What to do = The full listing is to be transcribed exactly, with each picture left out.

───── Available records ─────

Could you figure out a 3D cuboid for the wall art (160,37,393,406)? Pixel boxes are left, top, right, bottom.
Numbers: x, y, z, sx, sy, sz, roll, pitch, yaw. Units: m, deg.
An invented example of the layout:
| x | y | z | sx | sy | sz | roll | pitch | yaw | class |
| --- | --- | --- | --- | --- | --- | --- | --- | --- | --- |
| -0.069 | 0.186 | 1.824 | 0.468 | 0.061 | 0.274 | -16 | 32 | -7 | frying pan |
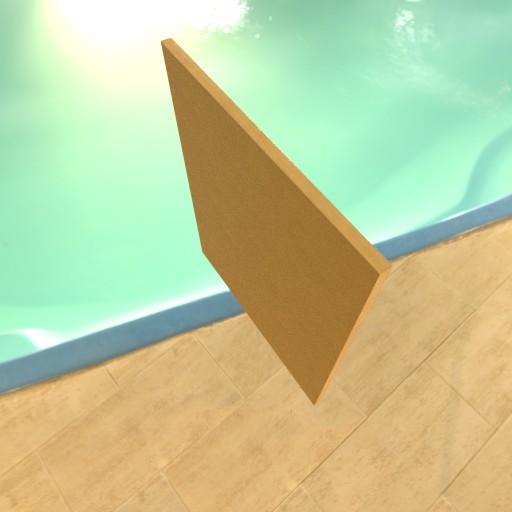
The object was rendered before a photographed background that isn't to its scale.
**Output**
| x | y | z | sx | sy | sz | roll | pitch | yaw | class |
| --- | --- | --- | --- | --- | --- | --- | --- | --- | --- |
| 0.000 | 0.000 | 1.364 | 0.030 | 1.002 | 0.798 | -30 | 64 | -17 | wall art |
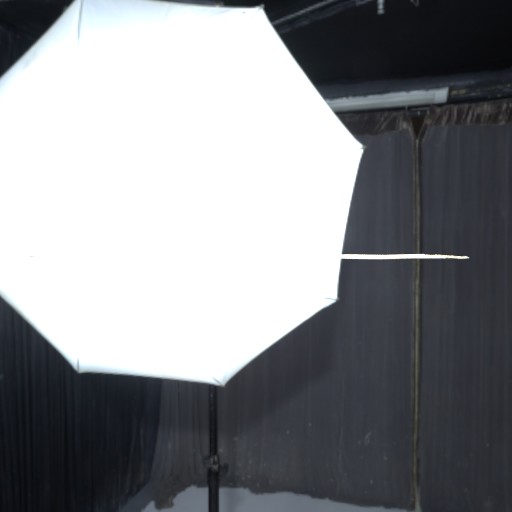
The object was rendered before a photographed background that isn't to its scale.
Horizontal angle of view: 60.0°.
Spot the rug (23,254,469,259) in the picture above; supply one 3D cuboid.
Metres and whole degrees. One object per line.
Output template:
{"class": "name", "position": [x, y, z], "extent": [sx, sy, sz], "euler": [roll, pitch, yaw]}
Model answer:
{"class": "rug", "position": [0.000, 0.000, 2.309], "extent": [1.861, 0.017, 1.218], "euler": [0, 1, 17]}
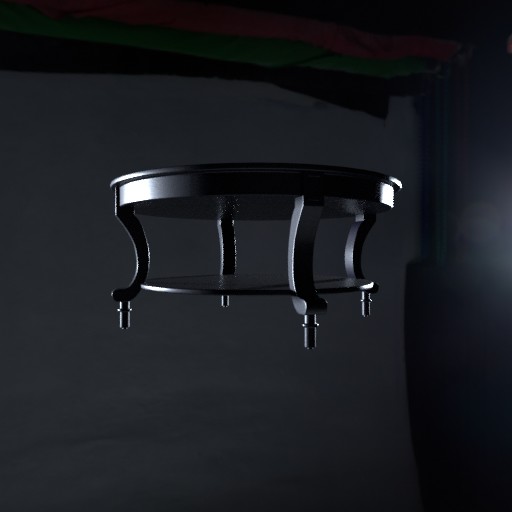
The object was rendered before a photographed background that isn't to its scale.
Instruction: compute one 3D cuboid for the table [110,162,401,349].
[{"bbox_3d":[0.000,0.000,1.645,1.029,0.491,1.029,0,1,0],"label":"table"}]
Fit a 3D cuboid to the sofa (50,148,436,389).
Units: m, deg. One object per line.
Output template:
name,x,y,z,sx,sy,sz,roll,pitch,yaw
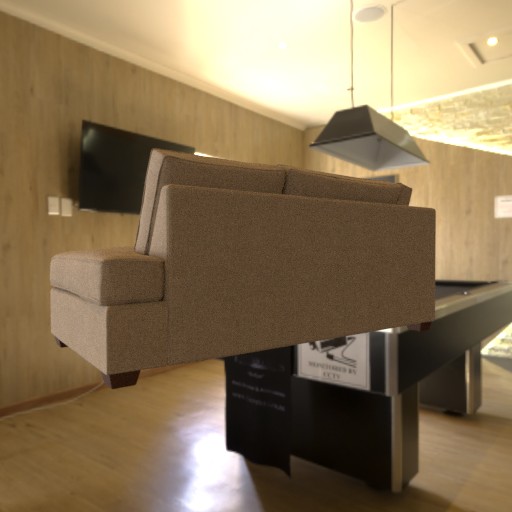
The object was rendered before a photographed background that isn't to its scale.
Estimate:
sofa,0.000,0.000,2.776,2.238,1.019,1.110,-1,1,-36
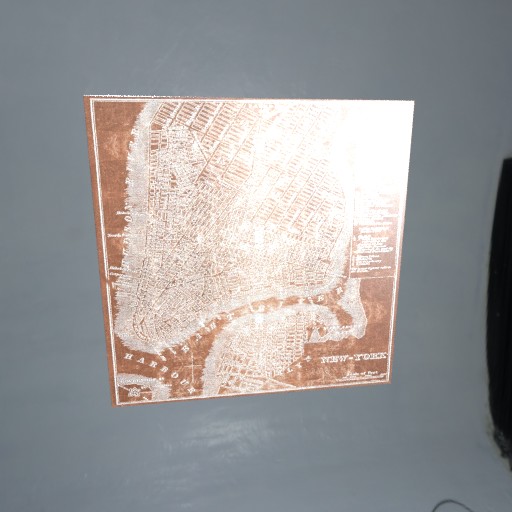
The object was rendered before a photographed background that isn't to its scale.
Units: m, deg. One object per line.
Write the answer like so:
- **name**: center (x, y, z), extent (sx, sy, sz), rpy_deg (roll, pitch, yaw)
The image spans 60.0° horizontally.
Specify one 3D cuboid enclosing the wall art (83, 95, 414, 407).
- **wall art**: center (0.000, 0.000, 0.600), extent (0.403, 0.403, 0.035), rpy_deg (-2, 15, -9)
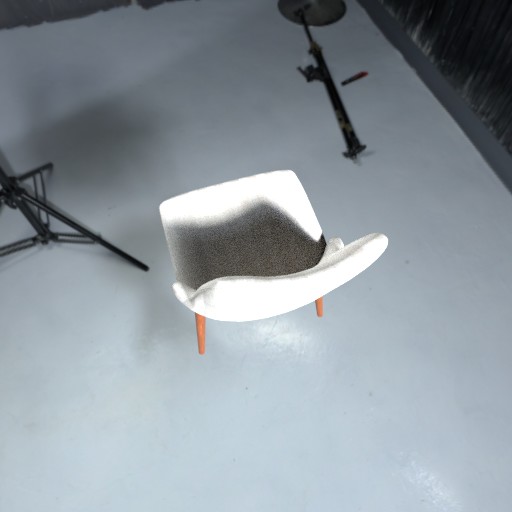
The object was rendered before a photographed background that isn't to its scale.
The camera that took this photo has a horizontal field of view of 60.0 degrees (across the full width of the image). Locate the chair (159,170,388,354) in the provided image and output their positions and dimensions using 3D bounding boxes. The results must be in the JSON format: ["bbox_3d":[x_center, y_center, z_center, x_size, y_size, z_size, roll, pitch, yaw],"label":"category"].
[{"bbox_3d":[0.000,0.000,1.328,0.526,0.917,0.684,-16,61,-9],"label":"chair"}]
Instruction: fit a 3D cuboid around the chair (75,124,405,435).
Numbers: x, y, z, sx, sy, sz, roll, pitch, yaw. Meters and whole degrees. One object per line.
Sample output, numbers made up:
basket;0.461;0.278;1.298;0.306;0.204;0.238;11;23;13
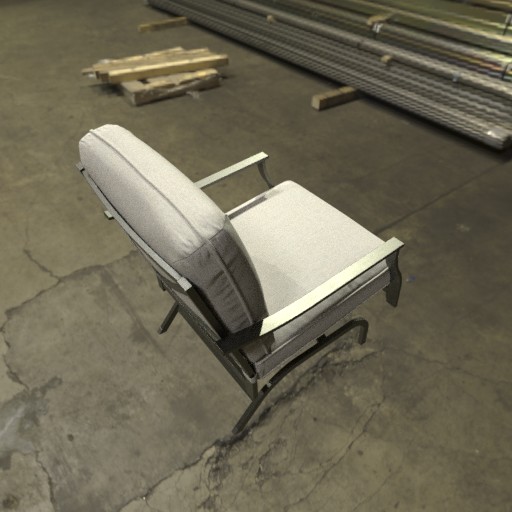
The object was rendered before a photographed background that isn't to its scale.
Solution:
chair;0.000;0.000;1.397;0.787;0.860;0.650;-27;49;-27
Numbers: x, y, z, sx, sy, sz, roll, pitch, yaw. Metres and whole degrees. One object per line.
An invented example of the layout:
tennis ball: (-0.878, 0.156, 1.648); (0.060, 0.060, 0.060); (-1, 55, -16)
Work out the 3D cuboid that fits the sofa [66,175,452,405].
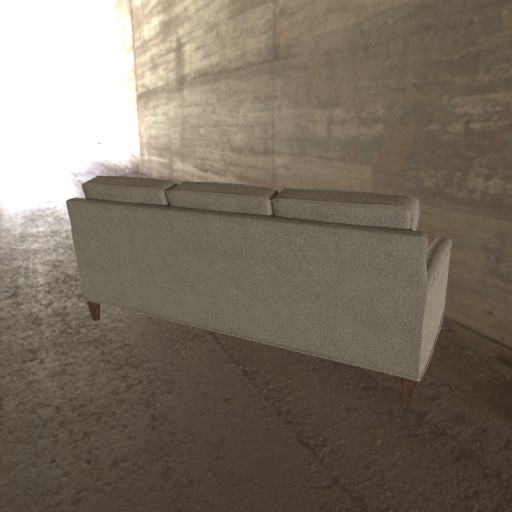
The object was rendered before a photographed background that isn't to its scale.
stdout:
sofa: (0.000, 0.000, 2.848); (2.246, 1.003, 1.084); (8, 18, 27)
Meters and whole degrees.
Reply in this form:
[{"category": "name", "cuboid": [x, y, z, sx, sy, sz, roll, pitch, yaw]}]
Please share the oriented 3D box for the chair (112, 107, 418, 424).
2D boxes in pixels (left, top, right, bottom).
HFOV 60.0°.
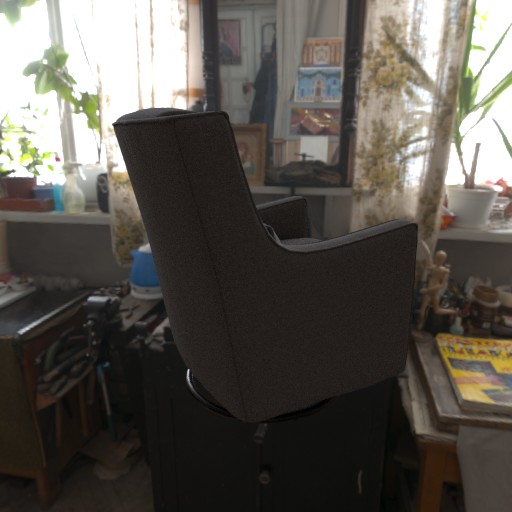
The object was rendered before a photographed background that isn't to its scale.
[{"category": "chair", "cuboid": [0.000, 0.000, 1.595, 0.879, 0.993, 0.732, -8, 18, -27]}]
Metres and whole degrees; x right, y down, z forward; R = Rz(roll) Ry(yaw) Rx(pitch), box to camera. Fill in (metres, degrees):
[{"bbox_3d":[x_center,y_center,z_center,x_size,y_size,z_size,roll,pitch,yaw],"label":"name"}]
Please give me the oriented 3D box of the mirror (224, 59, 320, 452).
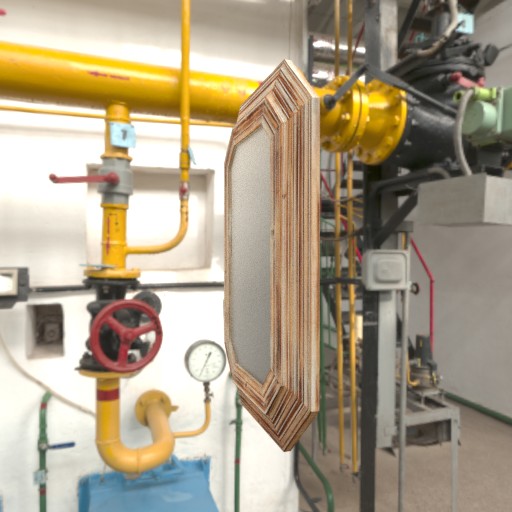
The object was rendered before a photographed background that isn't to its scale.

─────

Result of the exercise =
Could you figure out a 3D cuboid for the wall art (160,37,393,406)? Pixel boxes are left, top, right, bottom.
Numbers: x, y, z, sx, sy, sz, roll, pitch, yaw. Units: m, deg.
An invented example of the layout:
| x | y | z | sx | sy | sz | roll | pitch | yaw | class |
| --- | --- | --- | --- | --- | --- | --- | --- | --- | --- |
| -0.069 | 0.186 | 1.824 | 0.468 | 0.061 | 0.274 | -16 | 32 | -7 | frying pan |
The object was rendered before a photographed background that isn't to its scale.
**Output**
| x | y | z | sx | sy | sz | roll | pitch | yaw | class |
| --- | --- | --- | --- | --- | --- | --- | --- | --- | --- |
| 0.000 | 0.000 | 1.364 | 0.030 | 1.002 | 0.798 | -30 | 64 | -17 | wall art |
The object was rendered before a photographed background that isn't to its scale.
Horizontal angle of view: 60.0°.
Spot the rug (23,254,469,259) in the picture above; supply one 3D cuboid.
Metres and whole degrees. One object per line.
Output template:
{"class": "name", "position": [x, y, z], "extent": [sx, sy, sz], "euler": [roll, pitch, yaw]}
Model answer:
{"class": "rug", "position": [0.000, 0.000, 2.309], "extent": [1.861, 0.017, 1.218], "euler": [0, 1, 17]}
The object was rendered before a photographed background that isn't to its scale.
Instruction: compute one 3D cuboid for the table [110,162,401,349].
[{"bbox_3d":[0.000,0.000,1.645,1.029,0.491,1.029,0,1,0],"label":"table"}]
Fit a 3D cuboid to the sofa (50,148,436,389).
Units: m, deg. One object per line.
Output template:
name,x,y,z,sx,sy,sz,roll,pitch,yaw
The object was rendered before a photographed background that isn't to its scale.
Estimate:
sofa,0.000,0.000,2.776,2.238,1.019,1.110,-1,1,-36
The object was rendered before a photographed background that isn't to its scale.
Units: m, deg. One object per line.
Write the answer like so:
- **name**: center (x, y, z), extent (sx, sy, sz), rpy_deg (roll, pitch, yaw)
The image spans 60.0° horizontally.
Specify one 3D cuboid enclosing the wall art (83, 95, 414, 407).
- **wall art**: center (0.000, 0.000, 0.600), extent (0.403, 0.403, 0.035), rpy_deg (-2, 15, -9)
The object was rendered before a photographed background that isn't to its scale.
The camera that took this photo has a horizontal field of view of 60.0 degrees (across the full width of the image). Locate the chair (159,170,388,354) in the provided image and output their positions and dimensions using 3D bounding boxes. The results must be in the JSON format: ["bbox_3d":[x_center, y_center, z_center, x_size, y_size, z_size, roll, pitch, yaw],"label":"category"].
[{"bbox_3d":[0.000,0.000,1.328,0.526,0.917,0.684,-16,61,-9],"label":"chair"}]
Instruction: fit a 3D cuboid around the chair (75,124,405,435).
Numbers: x, y, z, sx, sy, sz, roll, pitch, yaw. Meters and whole degrees. One object per line.
Sample output, numbers made up:
basket;0.461;0.278;1.298;0.306;0.204;0.238;11;23;13
The object was rendered before a photographed background that isn't to its scale.
Solution:
chair;0.000;0.000;1.397;0.787;0.860;0.650;-27;49;-27
Numbers: x, y, z, sx, sy, sz, roll, pitch, yaw. Metres and whole degrees. One object per line.
An invented example of the layout:
tennis ball: (-0.878, 0.156, 1.648); (0.060, 0.060, 0.060); (-1, 55, -16)
Work out the 3D cuboid that fits the sofa [66,175,452,405].
The object was rendered before a photographed background that isn't to its scale.
stdout:
sofa: (0.000, 0.000, 2.848); (2.246, 1.003, 1.084); (8, 18, 27)
Meters and whole degrees.
Reply in this form:
[{"category": "name", "cuboid": [x, y, z, sx, sy, sz, roll, pitch, yaw]}]
Please share the oriented 3D box for the chair (112, 107, 418, 424).
2D boxes in pixels (left, top, right, bottom).
HFOV 60.0°.
The object was rendered before a photographed background that isn't to its scale.
[{"category": "chair", "cuboid": [0.000, 0.000, 1.595, 0.879, 0.993, 0.732, -8, 18, -27]}]
Metres and whole degrees; x right, y down, z forward; R = Rz(roll) Ry(yaw) Rx(pitch), box to camera. Fill in (metres, degrees):
[{"bbox_3d":[x_center,y_center,z_center,x_size,y_size,z_size,roll,pitch,yaw],"label":"name"}]
Please give me the oriented 3D box of the mirror (224, 59, 320, 452).
The object was rendered before a photographed background that isn't to its scale.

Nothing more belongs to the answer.